__REQUIREMENT__
All records should be written out again exactly.

Dataset entries
================================
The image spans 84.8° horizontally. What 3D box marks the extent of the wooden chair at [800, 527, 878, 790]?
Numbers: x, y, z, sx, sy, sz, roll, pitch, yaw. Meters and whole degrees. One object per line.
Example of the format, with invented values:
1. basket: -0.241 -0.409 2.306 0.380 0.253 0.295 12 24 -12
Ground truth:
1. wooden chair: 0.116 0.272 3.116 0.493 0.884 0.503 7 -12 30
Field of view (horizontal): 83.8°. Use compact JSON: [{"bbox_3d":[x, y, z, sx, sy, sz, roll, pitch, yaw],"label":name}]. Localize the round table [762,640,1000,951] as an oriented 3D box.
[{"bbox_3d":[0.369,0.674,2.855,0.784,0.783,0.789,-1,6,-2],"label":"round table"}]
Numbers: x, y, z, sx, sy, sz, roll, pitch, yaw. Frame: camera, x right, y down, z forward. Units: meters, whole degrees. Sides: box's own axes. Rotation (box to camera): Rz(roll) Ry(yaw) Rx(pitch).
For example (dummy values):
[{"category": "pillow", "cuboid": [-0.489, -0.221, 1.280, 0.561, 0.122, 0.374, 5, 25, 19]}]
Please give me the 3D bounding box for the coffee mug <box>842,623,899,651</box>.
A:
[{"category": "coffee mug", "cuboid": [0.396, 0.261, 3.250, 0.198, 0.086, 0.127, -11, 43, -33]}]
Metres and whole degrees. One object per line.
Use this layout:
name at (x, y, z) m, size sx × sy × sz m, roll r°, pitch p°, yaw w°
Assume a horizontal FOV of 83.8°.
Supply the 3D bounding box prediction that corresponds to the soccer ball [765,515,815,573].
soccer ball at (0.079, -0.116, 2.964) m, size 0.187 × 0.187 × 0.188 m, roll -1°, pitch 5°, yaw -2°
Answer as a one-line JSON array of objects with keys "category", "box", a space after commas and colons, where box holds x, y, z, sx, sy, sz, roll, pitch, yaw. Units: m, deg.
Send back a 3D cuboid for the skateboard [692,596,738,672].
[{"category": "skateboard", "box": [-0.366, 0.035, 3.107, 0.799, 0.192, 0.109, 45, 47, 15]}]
================================
__WRITTEN SOLUTION__
The image spans 84.8° horizontally. What 3D box marks the extent of the wooden chair at [800, 527, 878, 790]?
Numbers: x, y, z, sx, sy, sz, roll, pitch, yaw. Meters and whole degrees. One object per line.
Example of the format, with invented values:
1. basket: -0.241 -0.409 2.306 0.380 0.253 0.295 12 24 -12
Ground truth:
1. wooden chair: 0.116 0.272 3.116 0.493 0.884 0.503 7 -12 30
Field of view (horizontal): 83.8°. Use compact JSON: [{"bbox_3d":[x, y, z, sx, sy, sz, roll, pitch, yaw],"label":name}]. Localize the round table [762,640,1000,951] as an oriented 3D box.
[{"bbox_3d":[0.369,0.674,2.855,0.784,0.783,0.789,-1,6,-2],"label":"round table"}]
Numbers: x, y, z, sx, sy, sz, roll, pitch, yaw. Frame: camera, x right, y down, z forward. Units: meters, whole degrees. Sides: box's own axes. Rotation (box to camera): Rz(roll) Ry(yaw) Rx(pitch).
For example (dummy values):
[{"category": "pillow", "cuboid": [-0.489, -0.221, 1.280, 0.561, 0.122, 0.374, 5, 25, 19]}]
Please give me the 3D bounding box for the coffee mug <box>842,623,899,651</box>.
A:
[{"category": "coffee mug", "cuboid": [0.396, 0.261, 3.250, 0.198, 0.086, 0.127, -11, 43, -33]}]
Metres and whole degrees. One object per line.
Use this layout:
name at (x, y, z) m, size sx × sy × sz m, roll r°, pitch p°, yaw w°
Assume a horizontal FOV of 83.8°.
Supply the 3D bounding box prediction that corresponds to the soccer ball [765,515,815,573].
soccer ball at (0.079, -0.116, 2.964) m, size 0.187 × 0.187 × 0.188 m, roll -1°, pitch 5°, yaw -2°
Answer as a one-line JSON array of objects with keys "category", "box", a space after commas and colons, where box holds x, y, z, sx, sy, sz, roll, pitch, yaw. Units: m, deg.
Send back a 3D cuboid for the skateboard [692,596,738,672].
[{"category": "skateboard", "box": [-0.366, 0.035, 3.107, 0.799, 0.192, 0.109, 45, 47, 15]}]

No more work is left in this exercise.